La pizza oggi è un cantiere aperto: c’è chi la vuole tradizionale e chi la preferisce contemporanea, chi la abbina alla birra e chi, come me, non rinuncia a un buon calice di vino strutturato. Qualunque sia la vostra preferenza, il 17 gennaio è l’occasione perfetta per celebrare questa meravigliosa “ruota” che continua a far girare il mondo.
I consigli di Nia: 10 matrimoni d’amore tra calice e spicchio
Abbinare il vino alla pizza è un’arte che gioca sui contrasti e sulle armonie. Ecco la mia selezione personale per trasformare una cena veloce in un’esperienza gourmet:
- Margherita & Fiano di Avellino DOCG Un classico intramontabile richiede un bianco campano di carattere. La freschezza del Fiano bilancia la tendenza dolce della mozzarella, mentre le sue note floreali abbracciano il profumo del basilico fresco.
- Marinara & Rosato del Salento Senza latticini, la scena è tutta per il pomodoro e l’aglio. Un rosato pugliese, sapido e fruttato, ammorbidisce l’acidità e pulisce il palato con eleganza.
- Quattro Formaggi & Metodo Classico Pas Dosé Per domare la cremosità intensa dei formaggi serve “energia”. Le bollicine di un Metodo Classico non dosato sgrassano perfettamente la bocca, lasciandola pronta per il morso successivo.
- Capricciosa & Cerasuolo d’Abruzzo Tra carciofini, funghi e prosciutto, questa pizza è un’esplosione di sapori diversi. Il Cerasuolo, con il suo corpo deciso, è l’unico rosato capace di reggere questo ritmo senza sfigurare.
- Diavola & Lambrusco di Sorbara Il segreto contro il piccante? La freschezza e un pizzico di brio.

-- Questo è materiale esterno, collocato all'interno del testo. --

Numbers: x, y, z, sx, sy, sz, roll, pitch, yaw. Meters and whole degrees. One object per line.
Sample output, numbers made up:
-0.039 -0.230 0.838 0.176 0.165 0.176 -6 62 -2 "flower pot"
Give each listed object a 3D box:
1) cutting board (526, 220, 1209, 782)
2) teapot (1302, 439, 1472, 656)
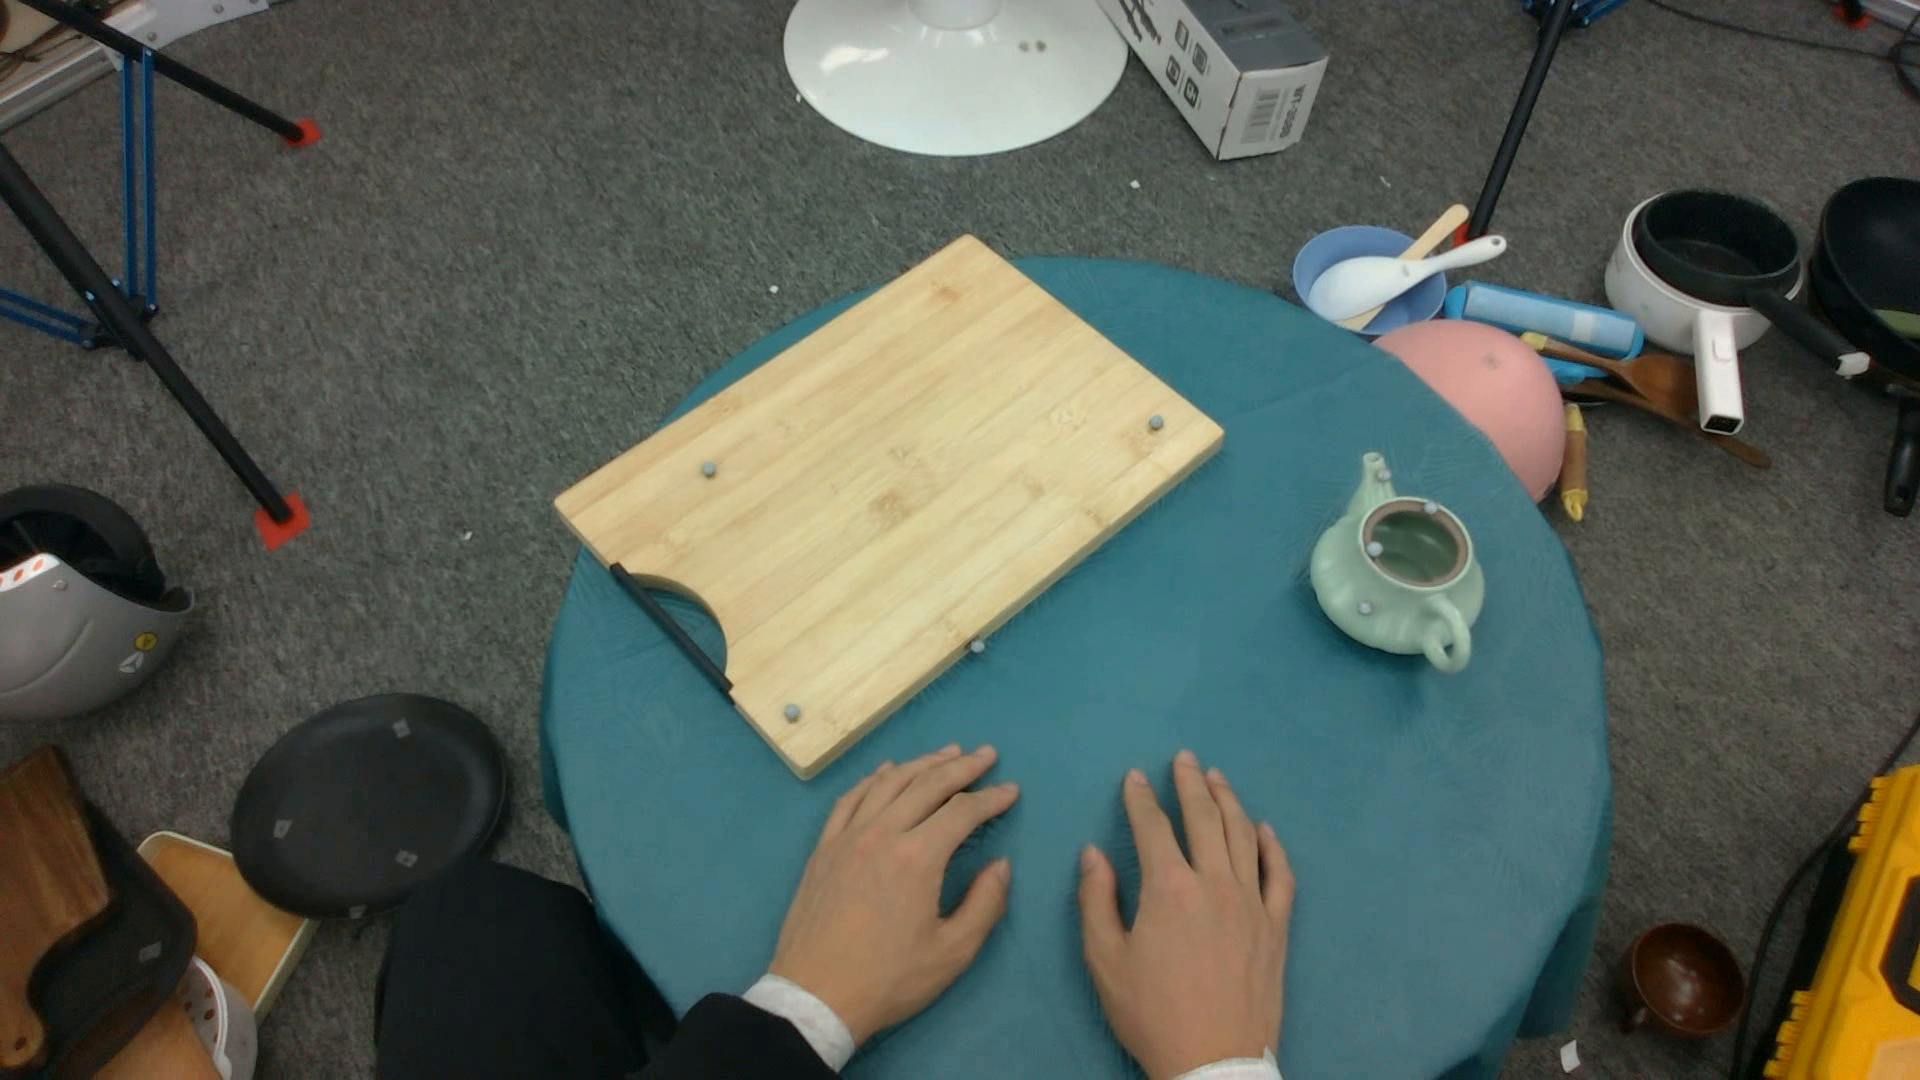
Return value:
-0.050 -0.045 0.845 0.350 0.023 0.251 -39 65 -23 "cutting board"
0.248 0.011 0.784 0.096 0.061 0.137 -13 57 -10 "teapot"

Il Lambrusco, con la sua spuma vivace e il finale fruttato, “spegne” il fuoco del salame piccante e invita al brindisi.
- Salsiccia e Friarielli & Greco di Tufo Un abbinamento territoriale grintoso. La mineralità quasi tagliente del Greco contrasta la grassezza della carne e sposa alla perfezione la nota amarognola del friariello.

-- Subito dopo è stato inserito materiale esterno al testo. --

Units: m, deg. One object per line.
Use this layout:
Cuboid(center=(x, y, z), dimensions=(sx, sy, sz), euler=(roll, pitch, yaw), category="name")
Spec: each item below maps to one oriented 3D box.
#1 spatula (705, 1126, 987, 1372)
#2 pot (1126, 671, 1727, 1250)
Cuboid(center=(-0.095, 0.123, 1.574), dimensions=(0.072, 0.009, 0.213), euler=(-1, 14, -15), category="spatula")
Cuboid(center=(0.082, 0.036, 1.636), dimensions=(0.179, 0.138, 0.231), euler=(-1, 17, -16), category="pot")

- Pizza ai Funghi & Pinot Nero dell’Alto Adige I sentori di sottobosco del fungo chiamano un rosso leggero e raffinato. Il Pinot Nero, servito leggermente fresco, crea un’armonia terrosa davvero sofisticata.
- Boscaiola Bianca & Chardonnay (Oltrepò Pavese) La morbidezza di uno Chardonnay passato brevemente in legno avvolge la sapidità del prosciutto e la texture dei funghi, creando un connubio rotondo e appagante.

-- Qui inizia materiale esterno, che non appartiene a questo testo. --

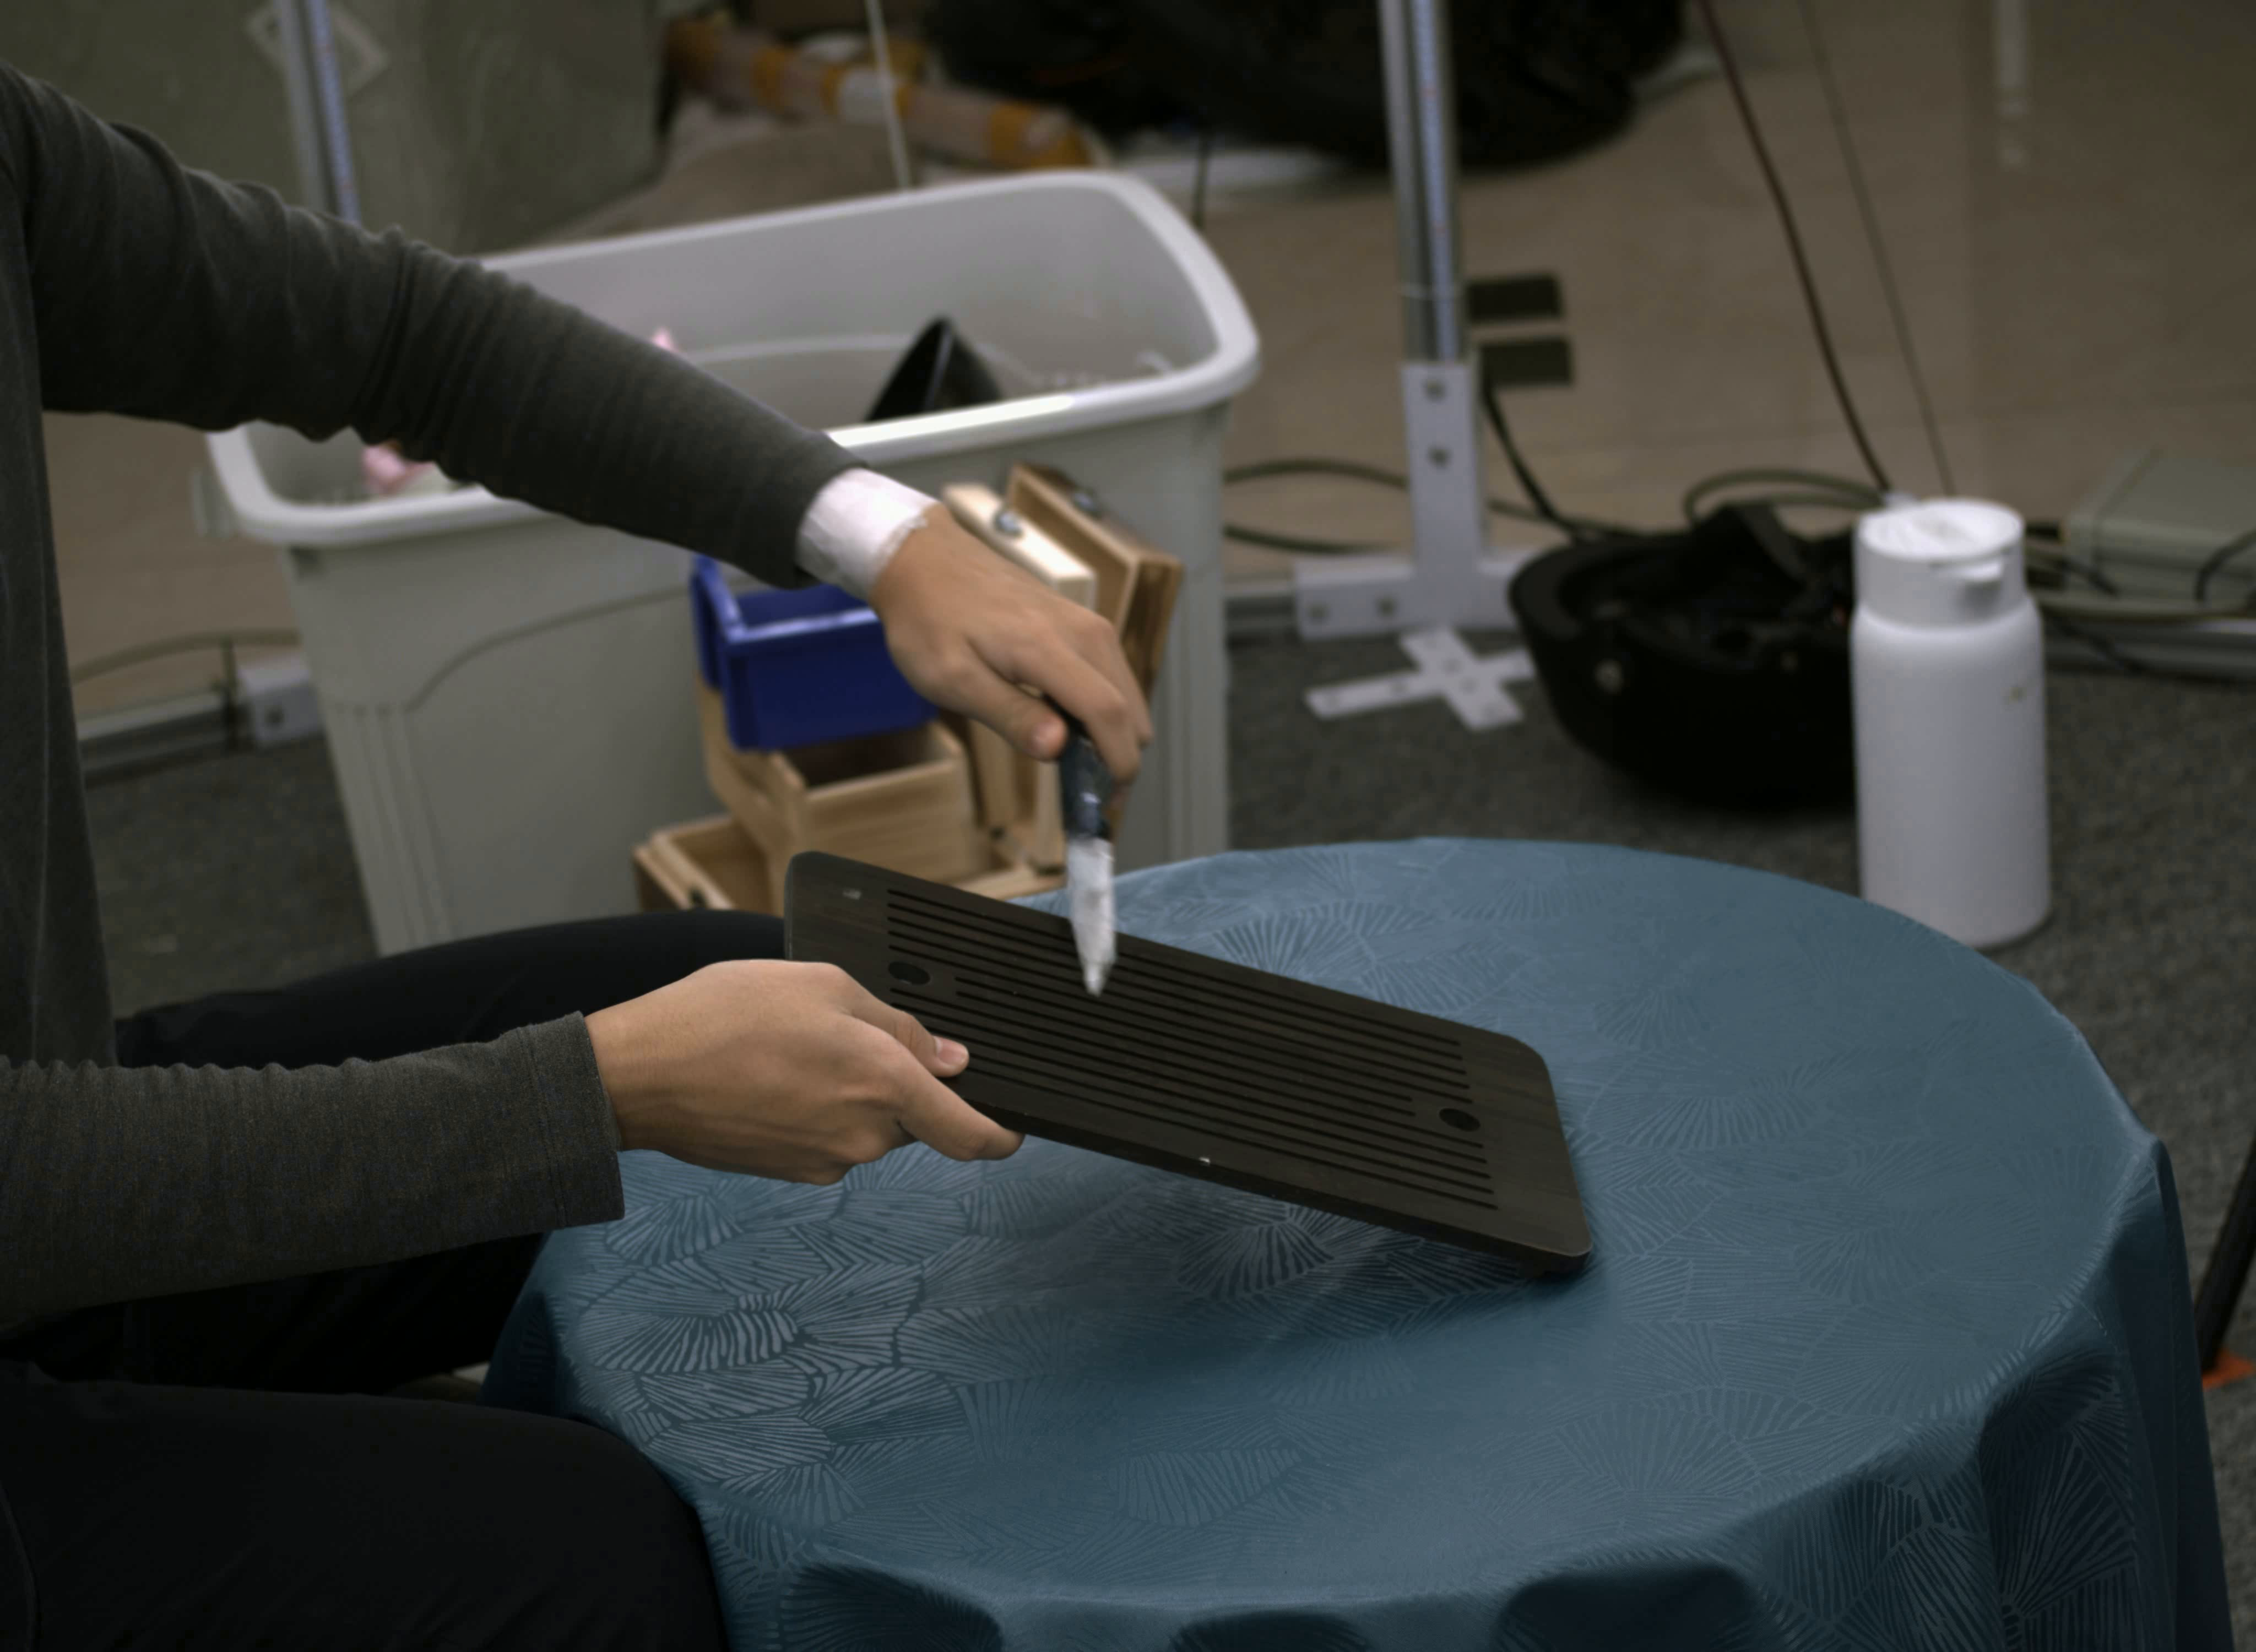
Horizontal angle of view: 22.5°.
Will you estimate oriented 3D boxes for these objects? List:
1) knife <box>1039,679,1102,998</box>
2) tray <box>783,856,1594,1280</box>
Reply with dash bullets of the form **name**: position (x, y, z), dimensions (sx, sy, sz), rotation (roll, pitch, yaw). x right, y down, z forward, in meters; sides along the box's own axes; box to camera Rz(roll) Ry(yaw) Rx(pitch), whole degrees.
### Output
- **knife**: position (-0.023, 0.003, 2.206), dimensions (0.024, 0.016, 0.234), rotation (31, 25, -19)
- **tray**: position (0.019, 0.090, 2.094), dimensions (0.306, 0.019, 0.167), rotation (15, 24, -11)

- Vegetariana & Sauvignon Blanc Peperoni, zucchine e melanzane hanno note vegetali spiccate che trovano un’eco perfetta nei sentori erbacei e agrumati tipici del vitigno Sauvignon.
- Mortadella e Pistacchio & Franciacorta Satèn Per una pizza “luxury” serve una bollicina di seta. Il Satèn ha una pressione minore che accarezza la grassezza della mortadella ed esalta la tostatura croccante del pistacchio.
Non abbiate paura di sperimentare! Ricordate solo che se la pizza è molto condita e sapida, il vino deve avere una buona struttura e alcolicità per non sparire.